Our lab seeks to advance the understanding of fundamental lung mechanics and structure-function design even at the smallest size scales of these fiber networks — with implications for how these structures fail in diseases such as emphysema.
We investigate the dynamic mechanical properties of collagen and elastin fibers — and the networks they form — that contribute elasticity to the lungs and shape alveolar deformations.

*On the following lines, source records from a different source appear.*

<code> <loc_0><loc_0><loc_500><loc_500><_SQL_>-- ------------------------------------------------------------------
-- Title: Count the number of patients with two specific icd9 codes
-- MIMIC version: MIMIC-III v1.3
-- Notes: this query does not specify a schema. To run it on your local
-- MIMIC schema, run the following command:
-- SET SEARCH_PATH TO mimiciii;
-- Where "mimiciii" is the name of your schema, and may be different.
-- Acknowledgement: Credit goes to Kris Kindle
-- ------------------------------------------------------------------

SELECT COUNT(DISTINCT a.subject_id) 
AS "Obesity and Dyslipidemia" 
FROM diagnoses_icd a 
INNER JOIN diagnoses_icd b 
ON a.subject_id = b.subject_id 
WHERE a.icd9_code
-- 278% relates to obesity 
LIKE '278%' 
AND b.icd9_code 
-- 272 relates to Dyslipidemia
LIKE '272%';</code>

Collagen-Elastin Fiber Networks
Wavy collagen fibers (green) and taut elastin fibers (red) interact in pairs, especially around the ring-like alveolar openings. Elastin is highly distensible and confers elasticity to the lungs, while collagen is stiff and provides protection against overstretching.
Under small strains, the elastin fibers bear the majority of stress in the network, maintaining the collagen fibers in a wavy state. Fibers become aligned and compacted during uniaxial stretching. Some collagen fibers are initially wavy before stretching, but elongate until taut and recruit into a prominent stress-bearing role.
Collagen Without Elastin
Elastin fibers typically maintain collagen in a wavy state at physiologic lung volumes, thereby delegating collagen to a protective role as a safety net.
Enzymatically degrading the elastin fibers results in a loss of collagen waviness or tortuosity.
Collagen fibers without elastin support are vulnerable to elongation, plastic deformation, and failure during lung inflation.
Collagen Fiber Nanostructure
Lung collagen fibers naturally exhibit a tightly packed architecture of smaller fibrils arranged in parallel.
After stretching to failure, collagen fibers exhibit plastic alterations: a loss of fibril organization and fibril-fibril crosslinking.